A memorial near Re’im, Israel, in September.Credit...Avishag Shaar-Yashuv for The New York Times

It’s been a year since the Hamas-led attacks in Israel on Oct. 7, when officials say 1,200 people were killed and roughly 250 more were kidnapped. Since then, health officials say more than 41,000 Palestinians, many of them civilians and children, have been killed in the subsequent war. The fighting has widened to three fronts, and the path to reaching a cease-fire seems uncertain. To reflect on the past year of war in the Middle East, I spoke to Isabel Kershner, who has been covering Israeli and Palestinian affairs for decades and is based in Jerusalem.

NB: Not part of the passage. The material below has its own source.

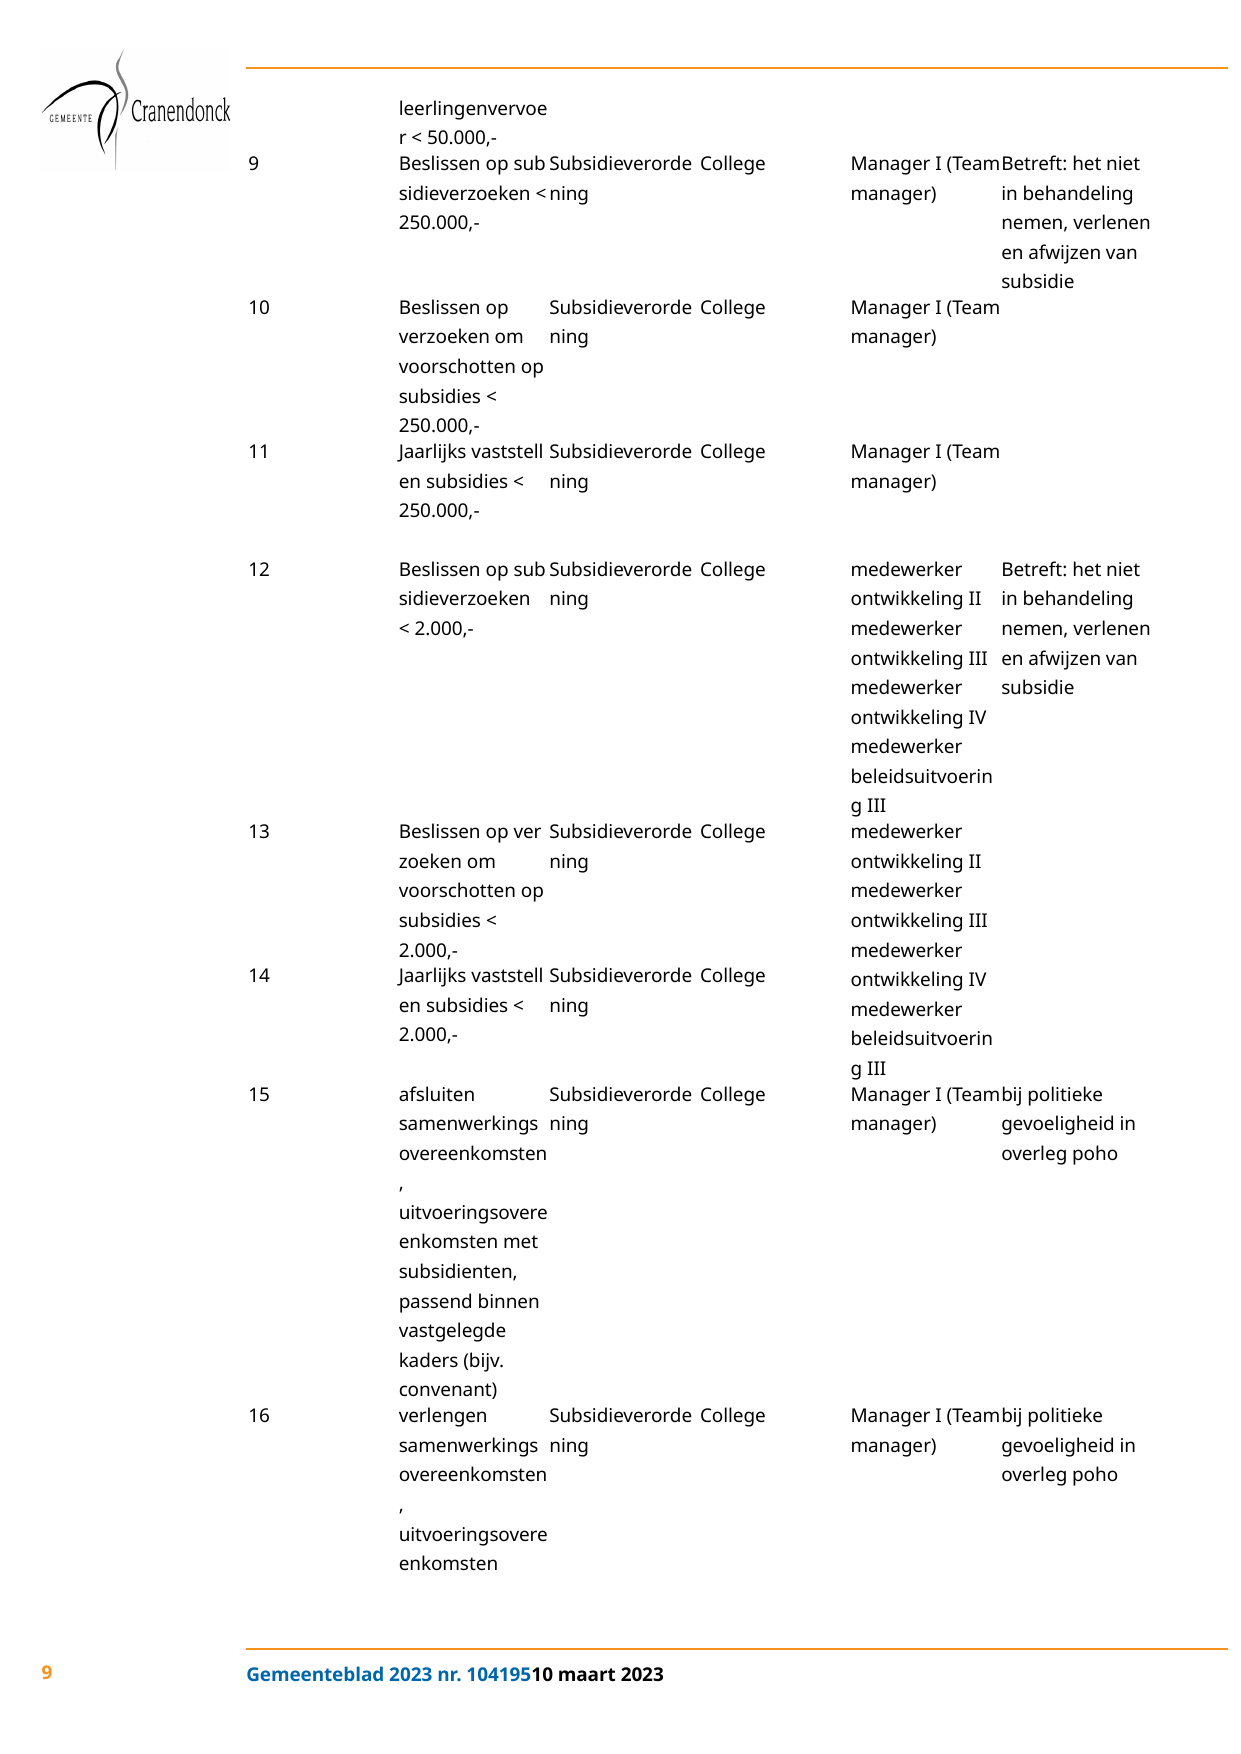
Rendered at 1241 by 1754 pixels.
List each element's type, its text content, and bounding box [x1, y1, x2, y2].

You wrote yesterday about fear overtaking memorial preparations in Israel. Can you describe the mood over the past few days?

The mood in Israel in the run-up to the one-year mark is grim, to say the least. Instead of some sense of closure, the expanding war augurs more difficult days ahead.

Reflecting on the past year, what do you recall?

Soon after the Hamas-led Oct. 7 assault on southern Israel, a seasoned colonel in the military reserves told me that Israel’s counteroffensive against Hamas in Gaza, a narrow coastal strip, would take at least a year, or two, or three.

At the time, I found that hard to believe. A year on, that long war has broadened and intensified on several other fronts, with no end in sight, only a bottomless pit of suffering.

Any distraction in life or work feels frivolous or inappropriate. In a region engulfed in so much grief, loss and yearning, there is no room for celebrations. Birthdays are marked, religious festivals observed. Any personal pain is relative, always measured against the vast scale of the anguish of others.